### Assigned task
It is required that the lines from the top of the listing through the line with "thousands)<fcel>Balance as of" be reproduced exactly, excluding pictures.

### Data for review
/---

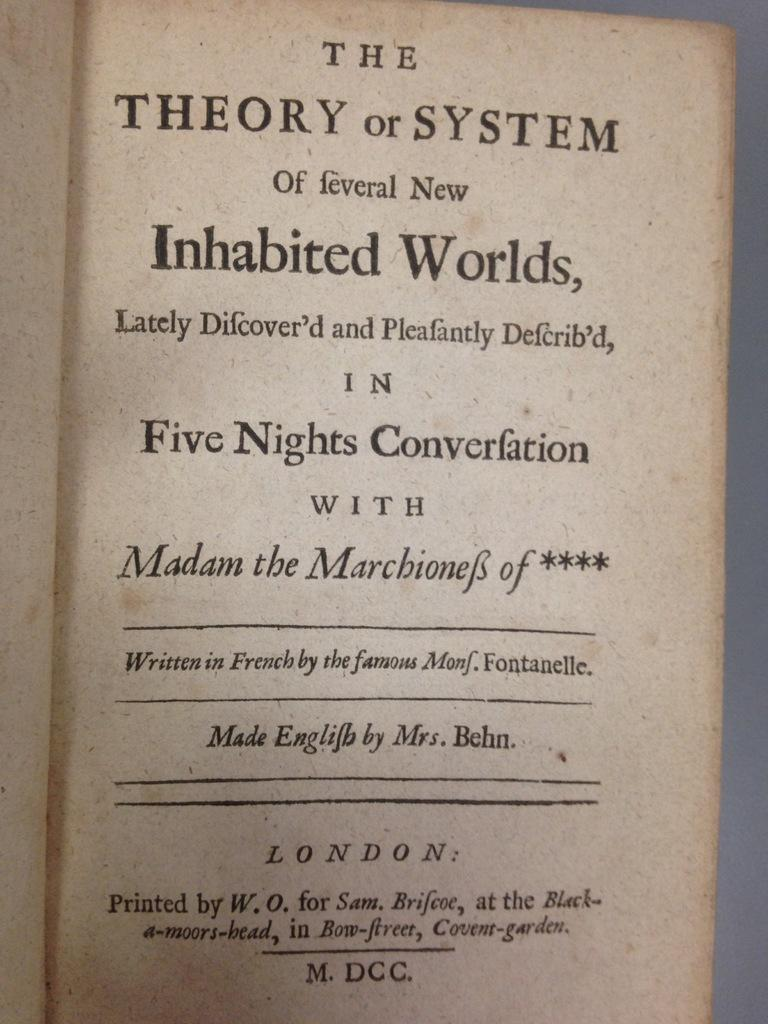<image>
Provide a brief description of the given image. A title page of the book called The Theory or System of Feveral New Inhabited Worlds. 
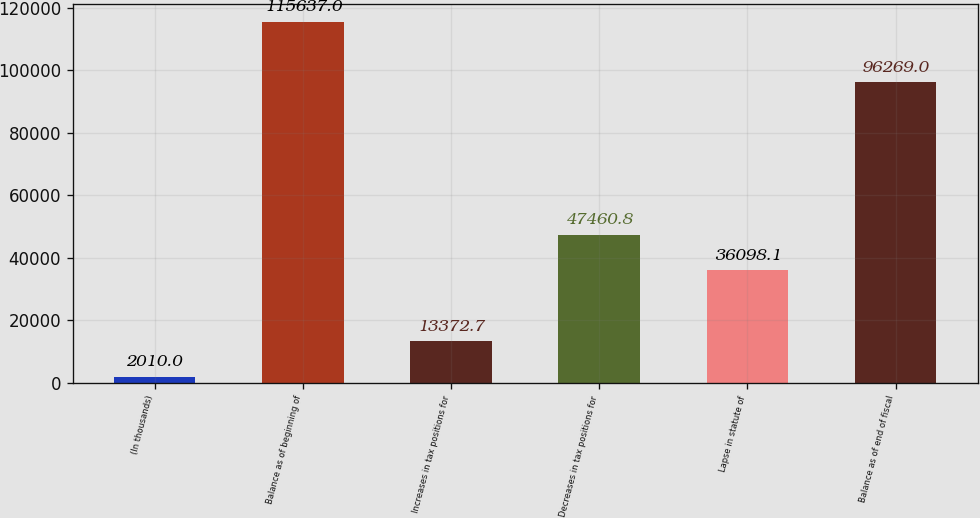<chart> <loc_0><loc_0><loc_500><loc_500><bar_chart><fcel>(In thousands)<fcel>Balance as of beginning of<fcel>Increases in tax positions for<fcel>Decreases in tax positions for<fcel>Lapse in statute of<fcel>Balance as of end of fiscal<nl><fcel>2010<fcel>115637<fcel>13372.7<fcel>47460.8<fcel>36098.1<fcel>96269<nl></chart> 
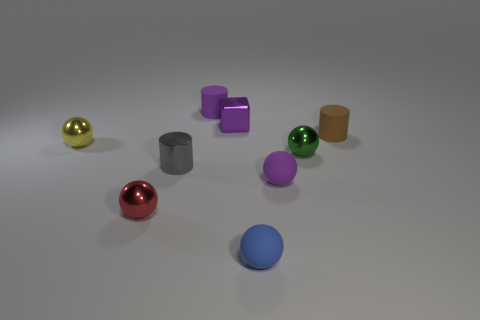Add 1 green metallic things. How many objects exist? 10 Subtract all brown rubber cylinders. How many cylinders are left? 2 Add 8 red things. How many red things exist? 9 Subtract all brown cylinders. How many cylinders are left? 2 Subtract 1 gray cylinders. How many objects are left? 8 Subtract all spheres. How many objects are left? 4 Subtract 1 cylinders. How many cylinders are left? 2 Subtract all red balls. Subtract all gray cylinders. How many balls are left? 4 Subtract all cyan cubes. How many blue spheres are left? 1 Subtract all big yellow cylinders. Subtract all tiny purple cubes. How many objects are left? 8 
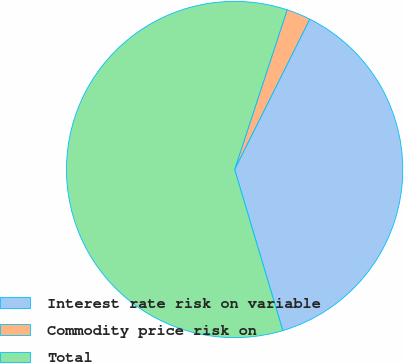<chart> <loc_0><loc_0><loc_500><loc_500><pie_chart><fcel>Interest rate risk on variable<fcel>Commodity price risk on<fcel>Total<nl><fcel>38.0%<fcel>2.32%<fcel>59.68%<nl></chart> 
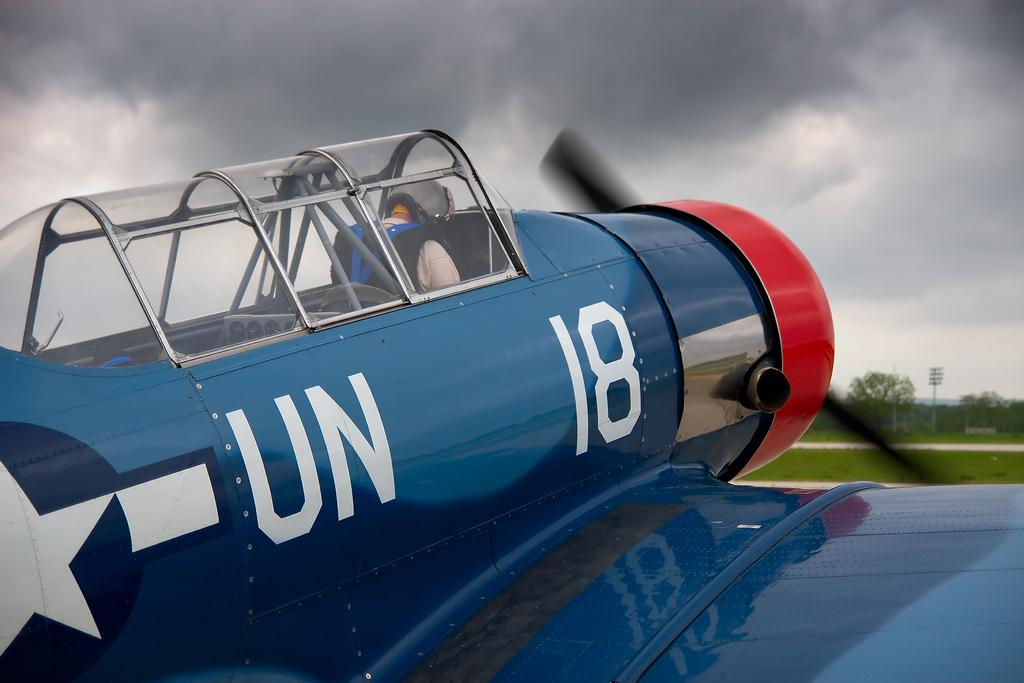<image>
Share a concise interpretation of the image provided. A blue air plane with Un eighteen emblazoned on the side. 
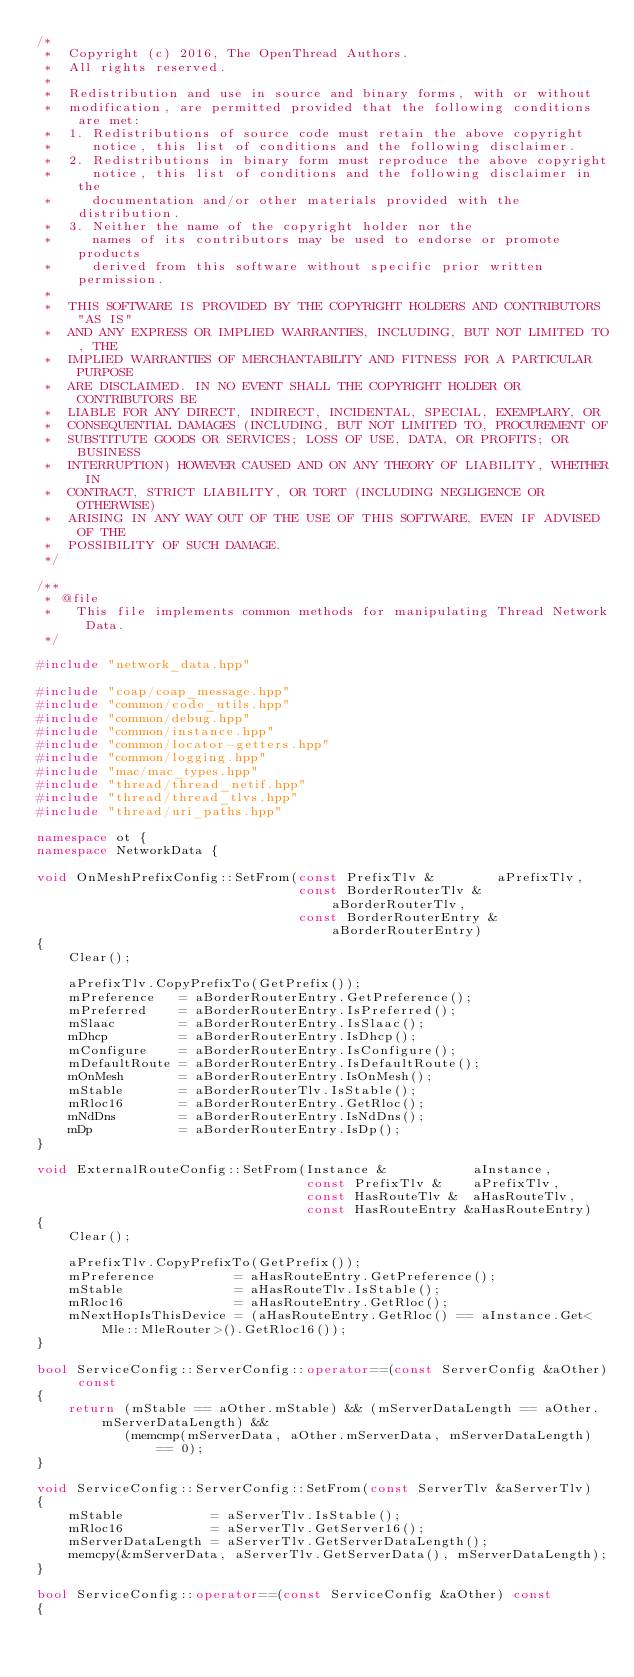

\---

### Answer
<image>
Provide a brief description of the given image. A title page of the book called The Theory or System of Feveral New Inhabited Worlds. 
<chart> <loc_0><loc_0><loc_500><loc_500><bar_chart><fcel>(In thousands)<fcel>Balance as of beginning of<fcel>Increases in tax positions for<fcel>Decreases in tax positions for<fcel>Lapse in statute of<fcel>Balance as of end of fiscal<nl><fcel>2010<fcel>115637<fcel>13372.7<fcel>47460.8<fcel>36098.1<fcel>96269<nl></chart> 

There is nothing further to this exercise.